Demikian juga, banyak efek dari penanganan perilaku yang menunjukan proses yang paling awal

memerlukan percobaan yang lebih kompleks. Penyelidik dan terapis di bidang rehabilitasi neuro

menjadi sensitif terhadap isu ini, yang kemudian melaporkan bahwa tikus pada masa awal

dibandingkan menghasilkan cedera neuronal yang berlebihan. Mekanisme dari potensi cedera

meliputi reseptor NMDA yang mengmediasi peningkatan proses setelah cedera otak, dan itu

menunjukan perbandingan yang extrim yang disebabkan setelahnya termasuk tokssitas glutamat.

Penelitian lainnya mendemonstrasikan volume infark yang lebih kecil dan berkembang pada

penyembuhan tikus dengan MCA selama 28 hari. Penulis juga menemukan peningkatan faktor

neurotropik dan penurunan fak tor apoptosis. Ini mungkin disebabkan bahwa tipe tersebut dan

kebanyakan aktifitas motorik berlangsung pada proses regenerasi pada kematian neuronal selama fase

awal dari cedera otak. Bagaimanapun, yang menjadi catatan adalah tikus yang menjadi percobaan

yang dibandingkan mengangkat relatifitas kesusahan dari keseluruhan proses. Tikus tersebut harus

dibandingkan pada dukungan postural, penampilan, makan, dan pergerakan. Selain itu, fenomena ini

Page 6: Bagian Theo

dilihat secara mendasar namun mendetail, yang mana tidak dapat dilihat pada bentuk pengamatan

latihan.

Penelitian-penelitian berikutnya lebih menggunakan pengoptimalan informasi kedua dari bukti

perilaku. Faktor ini penting bukan hanya untuk memahami keamanan rehabilitasi akut, tapi juga

hubungan respons dosis terhadap protokol rehabilitasi pada periode penanganan setelah stroke.

Hewan percobaan yang digunakan mengalami kesembuhan dengan perilaku yang berbeda, dan

cenderung berlebihan. Ini penting untuk mendefinisikan bahwa pasien stroke dapat mentolelir kondisi

tertentu dan dapat menjadi lebih baik. Pemeriksaan terhadap 18 pasien stroke kronik

mendemonstrasikan jumlah pengulangan terapi upper motor menghasilkan perkembangan fungsi

motor yang signifikan. Analisis yang terbaru secara metaanalisis juga menunjukan bukti yang sama.

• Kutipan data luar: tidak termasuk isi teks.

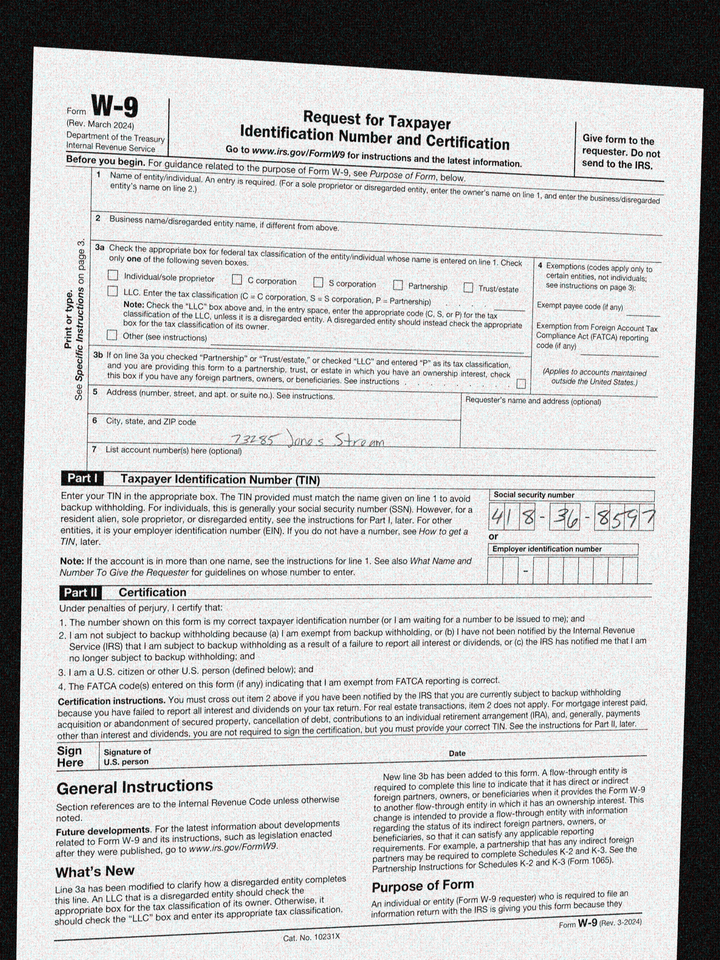
adr1: 73285 Jones Stream
cbx: no
ssn: 418368597
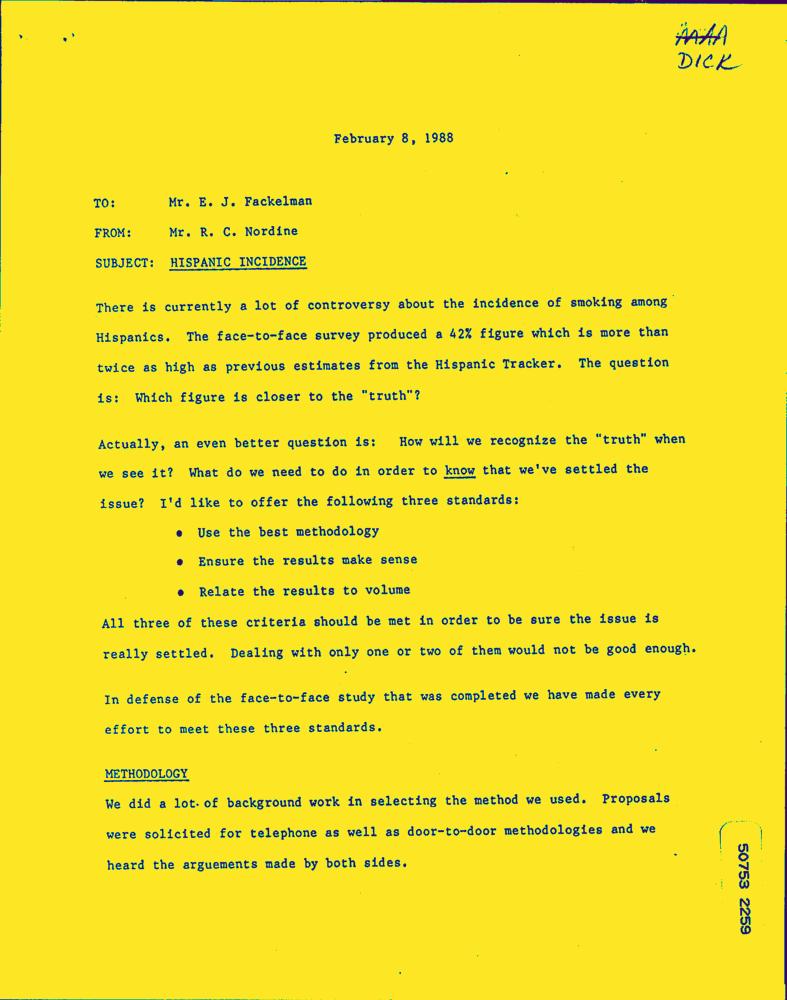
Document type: Letter-Doc
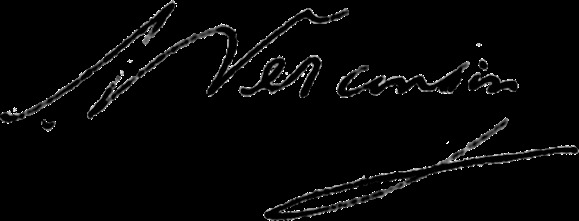
Signature of: eugène verconsin
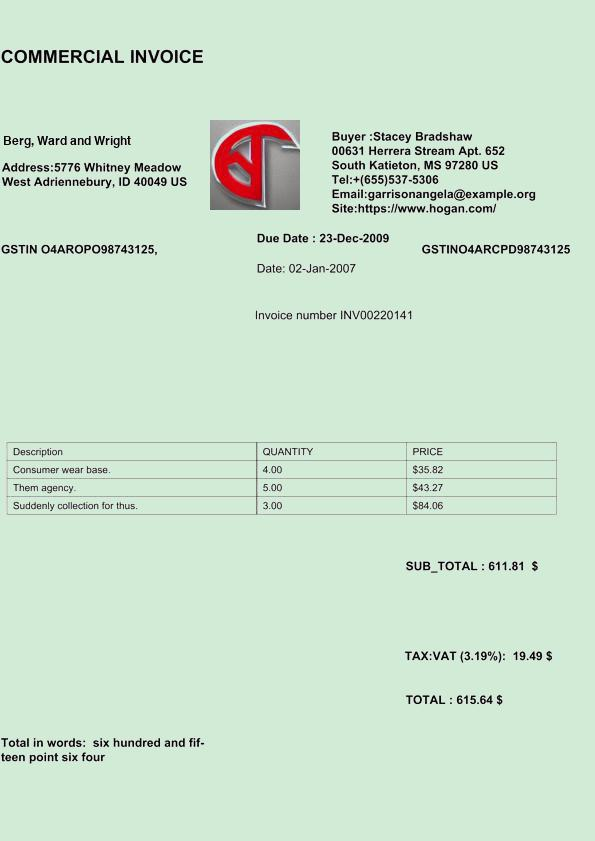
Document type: Invoice
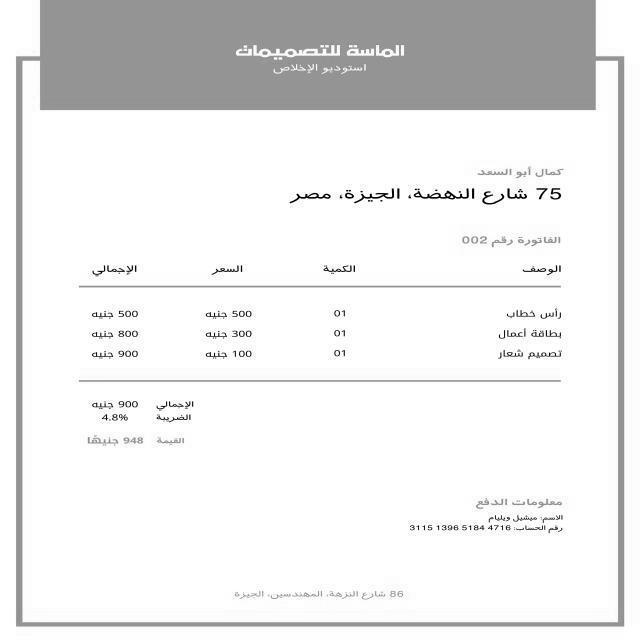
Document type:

Namun, analisa metaanalisis lebih rumit dengan adanya perbedaan dosis yang terkait dan hasil

output. Ini menunjukan bahwa diperlukan hubungan ada fase akut dan kronik untuk mendukung hasil

yang ada.

Rasionalnya, mekanisme ini baru dicoba pada hewan percobaan (non-human) yang mengacu pada

aktifitas molekular dan selular. Namun apakan pengulangan tersebut dapat meningkatkan faktor

neurotropik yang lebih baik? Apakan dapat menambah jumlah kesembuhan sinaptik? Bagaimanapun

juga, hasil dari pemeriksaan klinis, akan menuntun kita pada dosis yang tepat, pengambangan model

neurobiologikal yang sangat penting pada aturan tentang batasan terapi.